Marco 2019 schreef op 2 juni 2021 22:48:Foundation SOS SNS
As promised I would submit some comments on the cassation-saga.
Not only the Dutch State but also the ‘Stichting Beheer’ (the largest shareholder and subordinated creditor) has filed a cassation-request.
In order to understand the procedure properly, first a short remark on the essence of a cassation
In the cassation the ‘facts’ that the judges from the Enterprise Chamber have established, can’t be challenged anymore. E.g. the verdict that in the case the Nationalization on February 1st 2013 would not have taken place, SNS would have gone bankrupt, is no longer debateable anymore. It is also not allowed to simply state e.g. that the valuation of the expropriated bonds is ‘too high’or ‘too low’.
Technically speaking the High Council evaluates the verdict of the Enterpice Chamber on two grounds:
a. Did the Enterprise Chamber apply the right laws?
b. Did the Enterprise Chamber apply the laws in a right manner?
Apart from that the High Council takes into account the way the motivation of the decision was grounded. Did the Enterpise Chamber motivate their verdict in an understandable, adequate, comprehensive and complete manner?
The Dutch State has filed a document of more than 100 pages (!) in which they try to scutinize the report from the experts as well as the way in which the Enterprise Chamber incorporated the results into their final verdict. It is of course not possible to simply state that the figures the experts have used are incorrect (because these are considered as ‘facts’ or ‘outcomes’). However it can be argued that the assumptions, that have led to the outcomes, are ‘incorrect’, ‘not understandable’ and/or ‘badly grounded’.
Without going into too much detail, examples of challenging the assumption are:
a. The length of the period the liquidator takes to unwind the business (especially mortgages) and after that period sells the portfolio, but also which factor should be used to discount future cash flows (i.e. to recalculate these cash flows towards february 1 2013).
b. Furthermore the Dutch State argues that the experts wrongly make use of case law (e.g. the DSB Bank whereby subordinated creditors revceived a compensation of 100%), because the situation of SNS is in the opinion of the Dutch State not comparable.

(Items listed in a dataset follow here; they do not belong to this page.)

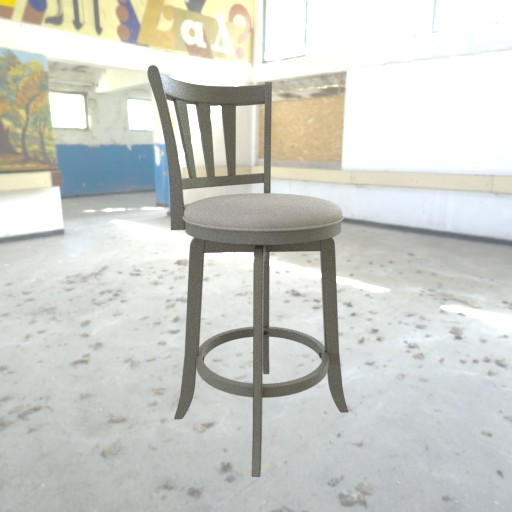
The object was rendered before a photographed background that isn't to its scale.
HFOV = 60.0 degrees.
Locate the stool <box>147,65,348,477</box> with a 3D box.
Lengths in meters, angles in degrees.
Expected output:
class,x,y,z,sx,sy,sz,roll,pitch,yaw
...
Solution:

c. Finally they blame the experts, because in the opinion of the Dutsch State they have judged with ‘hindsight bias’ (the financial results from SNS after february 1 2013 were very robust and this have influenced the judgement of the experts, according to the State).

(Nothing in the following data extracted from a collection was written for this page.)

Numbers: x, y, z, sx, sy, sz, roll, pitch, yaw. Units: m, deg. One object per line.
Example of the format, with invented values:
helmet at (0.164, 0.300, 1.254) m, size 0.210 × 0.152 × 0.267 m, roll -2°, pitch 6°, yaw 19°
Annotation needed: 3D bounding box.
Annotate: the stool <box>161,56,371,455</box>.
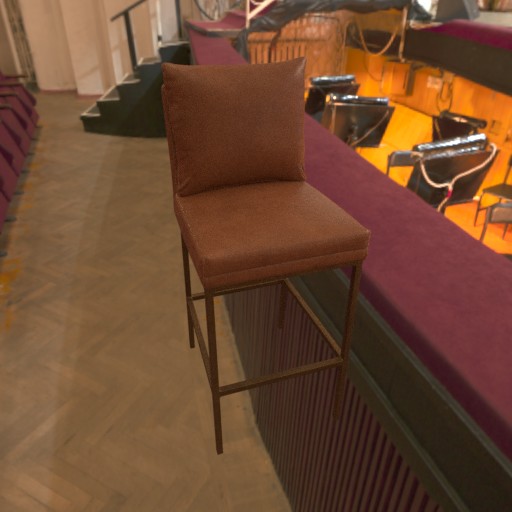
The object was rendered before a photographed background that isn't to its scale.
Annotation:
stool at (0.000, 0.000, 1.434) m, size 0.463 × 1.124 × 0.571 m, roll -10°, pitch 33°, yaw -16°

De Dutch State concludes that it is al lto arbitrary and random, badly grounded etc. and they ask the High Council to annul the verdict, which implies that the Enterprise Chamber should start áll over again’. In that case, however, the High Council would submit clues on how the expert’s report should be moderated. This will of course not take another eight years, but as you have experienced in legal cases a few years is ‘nothing’.
The ‘Stichting Beheer’ (shareholder and subordinated creditor) complaints that the the subordinated loans they have given to SNS Bank are inadequately considered as shares, which implies that the Stichting Beheer is not entitled to any compensation. As you might recall the value of the shares is considered to be zero, while the value of the bond excluding legal interest is 75% of the nominal value, and because none of the shareholders has filed a cassation request, this outcome fort he shareholders is now final. For us, the outcome of the evaluation by the High Council is not so relevant, because any compensation for the ‘Stichting Beheer’ will hardly influence the amont available for your bonds.

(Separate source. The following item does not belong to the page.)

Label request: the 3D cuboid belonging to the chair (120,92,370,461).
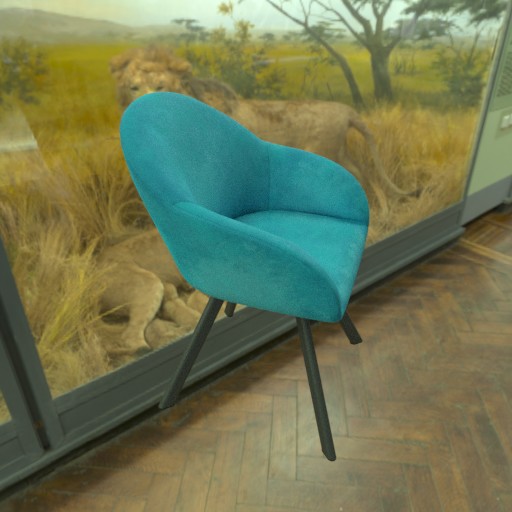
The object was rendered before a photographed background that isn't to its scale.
[{"bbox_3d":[0.000,0.000,1.182,0.590,0.795,0.550,10,31,17],"label":"chair"}]

It is almost impossible to predict what the decision of the High Council will be, but my preliminary reaction is that it might be quiet easy for the High Council to set aside all the complaints, given the fact that the valuation process has been carefully carried out (in every situation it is inevitable that you must make choices), the experts have demonstrated adequate professionalism in performing their task and they appear to be really independent. Furthermore the hearing has been fair (adversarial practice). Please realize that this is only my opinion before consulting experts, so any guarantee that this will be the final outcome, can not be deployed.
A final remark on the future of your foundation and its services seems to be relevant. When I accepted the position as chairman of this foundation at the end of January 2013, I could not have foreseen that in May 2021 we still would not have a final verdict and a proper compensation. This goes without saying alsof or all participants in your foundation. Currently we have to make a decision wether to actively participate in the cassation, which of course will require a new effort for a longer period of time. The risk that the High Council eventually will annul the verdict is still there and it is not unthinkable that it will last another 1,5-2 years untill that is clear. In the case the decision leads to an anullment, we might have to wait another few years until the final verdict from the Enterprise Chamber is submitted. However this is a dark scenario and procedures can be a lot shorter/faster. I consider this therefore as a natural moment to decide under which conditions we will enter this new set of procedures. Don’t be affraid that I will step down but I think it is a good idea to organize my thoughts on this subject and give you feedback as soon as possible. The most important factor is how the foundation could be effective as possible and have a real added value.